Não há graça e doçura maior do que um filho poder estar e viver voltado ou voltando para sua casa, para o encontro, o convívio com seu pai, para a intimidade de seu lar. O inverso também vale. Não há desventura e amargura maior do que um filho ter que viver de costas, expulso, exilado de seu lar, de sua casa paterna.

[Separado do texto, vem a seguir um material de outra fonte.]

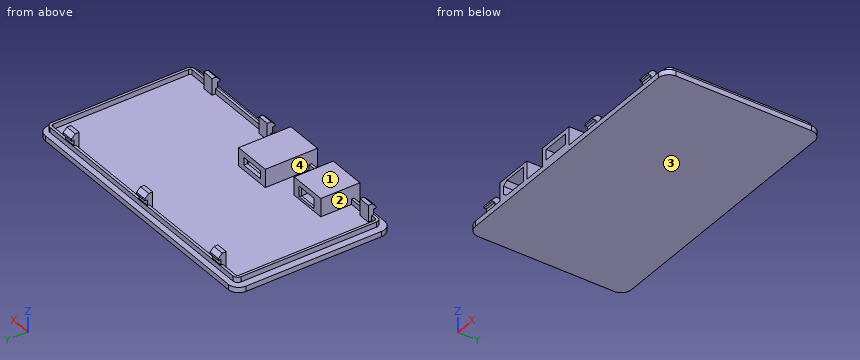
```python
from build123d import *

# Parameters (mm, degrees)
BOX096_W         = 10.8
BOX096_H         = 15
BOX096_DEPTH     = 5.6
CHAMFER007_SIZE2 = 1.8
CHAMFER007_SIZE  = 1.2
BOX097_W         = 8
BOX097_H         = 10
BOX097_DEPTH     = 4
BOX098_W         = 10.4
BOX098_H         = 18.5
BOX098_DEPTH     = 4
BOX099_W         = 9
BOX099_H         = 18
BOX099_DEPTH     = 3
BOX094_W         = 14.5
BOX094_H         = 15
BOX094_DEPTH     = 7
BOX095_W         = 14.5
BOX095_H         = 20
BOX095_DEPTH     = 7
BOX089_W         = 4.5
BOX089_H         = 2
BOX089_DEPTH     = 6
BOX090_W         = 4.5
BOX090_H         = 2
BOX090_DEPTH     = 6
BOX091_W         = 4.5
BOX091_H         = 2
BOX091_DEPTH     = 6
BOX086_W         = 4.5
BOX086_H         = 2
BOX086_DEPTH     = 6
BOX087_W         = 4.5
BOX087_H         = 2
BOX087_DEPTH     = 6
BOX088_W         = 4.5
BOX088_H         = 2
BOX088_DEPTH     = 6
BOX083_W         = 4.5
BOX083_H         = 3
BOX083_DEPTH     = 2.2
BOX084_W         = 4.5
BOX084_H         = 3
BOX084_DEPTH     = 2.2
BOX085_W         = 4.5
BOX085_H         = 3
BOX085_DEPTH     = 2.2
BOX080_W         = 4.5
BOX080_H         = 3
BOX080_DEPTH     = 2.2
BOX081_W         = 4.5
BOX081_H         = 3
BOX081_DEPTH     = 2.2
BOX082_W         = 4.5
BOX082_H         = 3
BOX082_DEPTH     = 2.2
CHAMFER006_SIZE  = 1.5
BOX079_W         = 107.6
BOX079_H         = 60
BOX079_DEPTH     = 2
FILLET015_R      = 4
BOX093_W         = 101.2
BOX093_H         = 53.6
BOX093_DEPTH     = 2
BOX092_W         = 103.2
BOX092_H         = 55.6
BOX092_DEPTH     = 2
FILLET016_1_R    = 1.8
FILLET016_2_R    = 0.8


with BuildPart() as chamfer007:
    # Box096 → Box096 (new body)
    with BuildSketch(Plane(origin=(19, 0, 0), x_dir=(1, 0, 0), z_dir=(0, 0, 1))):
        with Locations((5.4, 7.5)):
            Rectangle(BOX096_W, BOX096_H)
    extrude(amount=BOX096_DEPTH)

    # Chamfer007
    chamfer007_edges = [chamfer007.edges().sort_by_distance(p)[0] for p in [
        (19, 7.5, 5.6),
        (19, 7.5, 0),
    ]]
    chamfer007_side = chamfer007.faces().sort_by_distance((19, 7.5, 2.8))[0]
    chamfer(chamfer007_edges, length=CHAMFER007_SIZE, length2=CHAMFER007_SIZE2, reference=chamfer007_side)


with BuildPart() as chamfer007_1:
    # Chamfer007 placement: moved
    add(chamfer007.part.moved(Location((44.1, 33.4, -1.8))))


with BuildPart() as fusion058:
    # Box097 → Box097 (new body)
    with BuildSketch(Plane(origin=(65, 42, -1), x_dir=(1, 0, 0), z_dir=(0, 0, 1))):
        with Locations((4, 5)):
            Rectangle(BOX097_W, BOX097_H)
    extrude(amount=BOX097_DEPTH)

    # Fusion058: union Chamfer007
    add(chamfer007_1.part)


with BuildPart() as fusion058_1:
    # Fusion058 placement: moved
    add(fusion058.part.moved(Location((-0.05, 0, 0))))


with BuildPart() as cubo098:
    # Box098 → Box098 (new body)
    with BuildSketch(Plane.XY.offset(-0.1)):
        with Locations((5.2, 9.25)):
            Rectangle(BOX098_W, BOX098_H)
    extrude(amount=BOX098_DEPTH)


with BuildPart() as fusion061:
    # Box099 → Box099 (new body)
    with BuildSketch(Plane(origin=(0.7, 8, 0.4), x_dir=(1, 0, 0), z_dir=(0, 0, 1))):
        with Locations((4.5, 9)):
            Rectangle(BOX099_W, BOX099_H)
    extrude(amount=BOX099_DEPTH)

    # Fusion060: union Cubo098
    add(cubo098.part)


with BuildPart() as fusion061_1:
    # Fusion060 placement: moved
    add(fusion061.part.moved(Location((86.3, 34.3, -0.5))))

    # Fusion061: union Fusion058
    add(fusion058_1.part)


with BuildPart() as cubo094:
    # Box094 → Box094 (new body)
    with BuildSketch(Plane(origin=(61.2, 34.3, -2), x_dir=(1, 0, 0), z_dir=(0, 0, 1))):
        with Locations((7.25, 7.5)):
            Rectangle(BOX094_W, BOX094_H)
    extrude(amount=BOX094_DEPTH)


with BuildPart() as cubo095:
    # Box095 → Box095 (new body)
    with BuildSketch(Plane(origin=(84.3, 34.3, -2), x_dir=(1, 0, 0), z_dir=(0, 0, 1))):
        with Locations((7.25, 10)):
            Rectangle(BOX095_W, BOX095_H)
    extrude(amount=BOX095_DEPTH)


with BuildPart() as cubo089:
    # Box089 → Box089 (new body)
    with BuildSketch(Plane(origin=(0, -2, -5), x_dir=(1, 0, 0), z_dir=(0, 0, 1))):
        with Locations((2.25, 1)):
            Rectangle(BOX089_W, BOX089_H)
    extrude(amount=BOX089_DEPTH)


with BuildPart() as cubo090:
    # Box090 → Box090 (new body)
    with BuildSketch(Plane(origin=(40, -2, -5), x_dir=(1, 0, 0), z_dir=(0, 0, 1))):
        with Locations((2.25, 1)):
            Rectangle(BOX090_W, BOX090_H)
    extrude(amount=BOX090_DEPTH)


with BuildPart() as fusion054:
    # Box091 → Box091 (new body)
    with BuildSketch(Plane(origin=(80, -2, -5), x_dir=(1, 0, 0), z_dir=(0, 0, 1))):
        with Locations((2.25, 1)):
            Rectangle(BOX091_W, BOX091_H)
    extrude(amount=BOX091_DEPTH)

    # Fusion054: union Cubo089, Cubo090
    add(cubo089.part)
    add(cubo090.part)


with BuildPart() as fusion054_1:
    # Fusion054 placement: moved
    add(fusion054.part.moved(Location((55, 91.8, 2))))


with BuildPart() as cubo086:
    # Box086 → Box086 (new body)
    with BuildSketch(Plane(origin=(-5, 1, -5), x_dir=(1, 0, 0), z_dir=(0, 0, 1))):
        with Locations((2.25, 1)):
            Rectangle(BOX086_W, BOX086_H)
    extrude(amount=BOX086_DEPTH)


with BuildPart() as cubo087:
    # Box087 → Box087 (new body)
    with BuildSketch(Plane(origin=(50, 1, -5), x_dir=(1, 0, 0), z_dir=(0, 0, 1))):
        with Locations((2.25, 1)):
            Rectangle(BOX087_W, BOX087_H)
    extrude(amount=BOX087_DEPTH)


with BuildPart() as fusion055:
    # Box088 → Box088 (new body)
    with BuildSketch(Plane(origin=(80, 1, -5), x_dir=(1, 0, 0), z_dir=(0, 0, 1))):
        with Locations((2.25, 1)):
            Rectangle(BOX088_W, BOX088_H)
    extrude(amount=BOX088_DEPTH)

    # Fusion053: union Cubo086, Cubo087
    add(cubo086.part)
    add(cubo087.part)


with BuildPart() as fusion055_1:
    # Fusion053 placement: moved
    add(fusion055.part.moved(Location((55, 35.8, 2))))

    # Fusion055: union Fusion054
    add(fusion054_1.part)


with BuildPart() as cubo083:
    # Box083 → Box083 (new body)
    with BuildSketch(Plane(origin=(0, -2, 0.2), x_dir=(1, 0, 0), z_dir=(0, 0, 1))):
        with Locations((2.25, 1.5)):
            Rectangle(BOX083_W, BOX083_H)
    extrude(amount=BOX083_DEPTH)


with BuildPart() as cubo084:
    # Box084 → Box084 (new body)
    with BuildSketch(Plane(origin=(40, -2, 0.2), x_dir=(1, 0, 0), z_dir=(0, 0, 1))):
        with Locations((2.25, 1.5)):
            Rectangle(BOX084_W, BOX084_H)
    extrude(amount=BOX084_DEPTH)


with BuildPart() as fusion051:
    # Box085 → Box085 (new body)
    with BuildSketch(Plane(origin=(80, -2, 0.2), x_dir=(1, 0, 0), z_dir=(0, 0, 1))):
        with Locations((2.25, 1.5)):
            Rectangle(BOX085_W, BOX085_H)
    extrude(amount=BOX085_DEPTH)

    # Fusion051: union Cubo083, Cubo084
    add(cubo083.part)
    add(cubo084.part)


with BuildPart() as fusion051_1:
    # Fusion051 placement: moved
    add(fusion051.part.moved(Location((55, 91.8, 2))))


with BuildPart() as cubo080:
    # Box080 → Box080 (new body)
    with BuildSketch(Plane(origin=(-5, 0, 0.2), x_dir=(1, 0, 0), z_dir=(0, 0, 1))):
        with Locations((2.25, 1.5)):
            Rectangle(BOX080_W, BOX080_H)
    extrude(amount=BOX080_DEPTH)


with BuildPart() as cubo081:
    # Box081 → Box081 (new body)
    with BuildSketch(Plane(origin=(50, 0, 0.2), x_dir=(1, 0, 0), z_dir=(0, 0, 1))):
        with Locations((2.25, 1.5)):
            Rectangle(BOX081_W, BOX081_H)
    extrude(amount=BOX081_DEPTH)


with BuildPart() as chamfer006:
    # Box082 → Box082 (new body)
    with BuildSketch(Plane(origin=(80, 0, 0.2), x_dir=(1, 0, 0), z_dir=(0, 0, 1))):
        with Locations((2.25, 1.5)):
            Rectangle(BOX082_W, BOX082_H)
    extrude(amount=BOX082_DEPTH)

    # Fusion050: union Cubo080, Cubo081
    add(cubo080.part)
    add(cubo081.part)


with BuildPart() as chamfer006_1:
    # Fusion050 placement: moved
    add(chamfer006.part.moved(Location((55, 35.8, 2))))

    # Fusion052: union Fusion051
    add(fusion051_1.part)

    # Fusion056: union Fusion055
    add(fusion055_1.part)

    # Chamfer006
    chamfer006_edges = [chamfer006_1.edges().sort_by_distance(p)[0] for p in [
        (137.25, 35.8, 4.4),
        (52.25, 35.8, 4.4),
        (107.25, 35.8, 4.4),
        (137.25, 92.8, 4.4),
        (57.25, 92.8, 4.4),
        (97.25, 92.8, 4.4),
    ]]
    chamfer(chamfer006_edges, length=CHAMFER006_SIZE)


with BuildPart() as chamfer006_2:
    # Chamfer006 placement: moved
    add(chamfer006_1.part.moved(Location((0.25, 0, 0))))


with BuildPart() as fillet015:
    # Box079 → Box079 (new body)
    with BuildSketch(Plane(origin=(43.7, 34.3, -4), x_dir=(1, 0, 0), z_dir=(0, 0, 1))):
        with Locations((53.8, 30)):
            Rectangle(BOX079_W, BOX079_H)
    extrude(amount=BOX079_DEPTH)

    # Fillet015
    fillet015_edges = [fillet015.edges().sort_by_distance(p)[0] for p in [
        (43.7, 34.3, -3),
        (43.7, 94.3, -3),
        (151.3, 34.3, -3),
        (151.3, 94.3, -3),
    ]]
    fillet(fillet015_edges, radius=FILLET015_R)


with BuildPart() as cubo093:
    # Box093 → Box093 (new body)
    with BuildSketch(Plane(origin=(49.7, 35.3, -2), x_dir=(1, 0, 0), z_dir=(0, 0, 1))):
        with Locations((50.6, 26.8)):
            Rectangle(BOX093_W, BOX093_H)
    extrude(amount=BOX093_DEPTH)


with BuildPart() as base:
    # Box092 → Box092 (new body)
    with BuildSketch(Plane(origin=(48.7, 34.3, -2), x_dir=(1, 0, 0), z_dir=(0, 0, 1))):
        with Locations((51.6, 27.8)):
            Rectangle(BOX092_W, BOX092_H)
    extrude(amount=BOX092_DEPTH)

    # Cut019: cut Cubo093
    add(cubo093.part, mode=Mode.SUBTRACT)

    # Fillet016 1
    fillet016_1_edges = [base.edges().sort_by_distance(p)[0] for p in [
        (48.7, 34.3, -1),
        (48.7, 89.9, -1),
        (151.9, 34.3, -1),
        (151.9, 89.9, -1),
    ]]
    fillet(fillet016_1_edges, radius=FILLET016_1_R)

    # Fillet016 2
    fillet016_2_edges = [base.edges().sort_by_distance(p)[0] for p in [
        (150.9, 35.3, -1),
        (49.7, 35.3, -1),
        (150.9, 88.9, -1),
        (49.7, 88.9, -1),
    ]]
    fillet(fillet016_2_edges, radius=FILLET016_2_R)


with BuildPart() as base_1:
    # Fillet016 placement: moved
    add(base.part.moved(Location((-2.2, 2.2, 0))))

    # Fusion057: union Chamfer006, Fillet015
    add(chamfer006_2.part)
    add(fillet015.part)

    # Fusion059: union Cubo094, Cubo095
    add(cubo094.part)
    add(cubo095.part)

    # Cut020: cut Fusion061
    add(fusion061_1.part, mode=Mode.SUBTRACT)


with BuildPart() as base_2:
    # Cut020 placement: moved
    add(base_1.part.moved(Location((0, 0, -5))))


solid = base_2.part
```
Design review of the part built by this model. Coordinates are the model's own, in mm. Face numbers are marked on the shaded views. A direction names the side the tool comes from. Round coordinates to 2 decimals unless told otherwise and drop trailing zeros. Order: outer loops, then holes, each group sorted by start corner. A loop starts at its lowest first (then second) coordinate and runs counter-clockwise, first axis right, second up. Notation, with made-up numbers: (81.5, -5.75) - (115.5, -5.75) arc R24 cw to (115.5, 21.25) - close; hole circle Ø5 at (56.25, 13.25). An arc over 180 degrees is marked (long way). Return JSON: item names as keys, results as strings.
Q1. Consider section A-A on y = 44. Give the number of separate pieces and of enclosed holes in the cut face, plus the area to 3 significant figures.
Computed values:
{"separate pieces": "1", "enclosed holes": "2", "area": "322 mm2"}
Q2. Consider section B-B on x = 103. Write out the cut boundary in (y, z), plus the area to 3 significant figures.
Computed values:
{"outline": "(34.3, -9) - (94.3, -9) - (94.3, -7) - (92.1, -7) - (92.1, -5) - (91.1, -5) - (91.1, -7) - (37.5, -7) - (37.5, -5) - (36.5, -5) - (36.5, -7) - (34.3, -7) - close", "area": "124 mm2"}
Q3. The part is to be moulded in two halves that separate along X. For the marked faces 3 and 4, say which applies: pulls with the +X half, pulls with the -X half, needs draft (parallel to the pull), parting line crosses it, or undercut.
Computed values:
{"face 3": "needs draft", "face 4": "undercut"}
Q4. Consider section C-C on y = 59. Write out the cut boundary in (x, z), plus the area to 3 significant figures.
Computed values:
{"outline": "(43.7, -9) - (151.3, -9) - (151.3, -7) - (149.7, -7) - (149.7, -5) - (148.7, -5) - (148.7, -7) - (47.5, -7) - (47.5, -5) - (46.5, -5) - (46.5, -7) - (43.7, -7) - close", "area": "219 mm2"}
Q5. For pin 1 Ø4 at (x, z) = (135.5, -6) entering from -Y; pin 2 Ø1.6 at (y, z) = (43, -4.5) entering from +X; pin 3 Ø1.6 at (x, y) = (52.5, 38) entering from +Z; pin 4 Ø1.5 at (y, z) = (37, -2.5) entering from -X, all flat-tipped, find the tip position at first contact; note any pin that passes through.
Computed values:
{"pin 1": "stops at y = 34.3", "pin 2": "stops at x = 149.7", "pin 3": "stops at z = -0.6", "pin 4": "stops at x = 50.25"}
Q6. Machinability: for the marked faces 1 and 2, which of the approach directions +Z, -Z, +X, -X, +Y, -Y give a long, thin tool a straight path to every point of the face, cutting with its end or side? Answer none if there is none.
Computed values:
{"face 1": "+Z, +X, -X, +Y, -Y", "face 2": "+Z"}
Q7. Wall thickness on L1, parallel to X at y = 51, z = -6.25; L2, parallel to X at y = 44, z = -4; L3, parallel to Y at x = 89.5, z = -5.5: over which ranges is each line inside the solid? List them lowest first. Write a range as [from, to].
Computed values:
{"L1": "x = [46.5, 47.5], [84.3, 98.8], [148.7, 149.7]", "L2": "x = [61.2, 63.05], [73.85, 75.7], [84.3, 86.3], [96.7, 98.8]", "L3": "y = [52.8, 54.3], [91.1, 92.1]"}

Desde o pecado de Adão, nós homens estamos às voltas com este dilema, ventura e drama: voltar para a casa do Pai ou continuar desterrados de seu convívio contentando-nos, a modo dos judeus no deserto, em adorar os próprios ídolos, como as ideologias, o consumismo, o dinheiro, as finanças, o trabalho, a técnica, as doutrinas, a subjetividade, o prazer pelo prazer, o poder pelo poder, os armamentos, o sucesso, a competição, a maximização do lucro, os nacionalismos, etc. que valem mais que as pessoas, a família, as comunidades e  os povos, sem falar no próprio Criador, o Pai e Senhor de toda a criação e de toda a humanidade.

Por isso, o ardoroso convite de nosso Papa: que retomemos hoje mesmo nosso caminho de volta para Jesus Cristo ou, pelo menos, que tomemos a decisão de procurá-lo dia a dia sem cessar. Que sempre, principalmente nesta Quaresma, seja “o momento para dizer a Jesus Cristo: «Senhor, deixei-me enganar, de mil maneiras fugi do vosso amor, mas aqui estou novamente para renovar a minha aliança convosco. Preciso de Vós. Resgatai-me de novo, Senhor; aceitai-me mais uma vez nos vossos braços redentores» (EG 3).

Fraternalmente,

Marcos Aurélio Fernandes e Frei Dorvalino Fassini

                                                       

 

[1] Thomas Merton. A via de Chuang-Tzu. Petrópolis: Vozes, 2002, p. 166-168.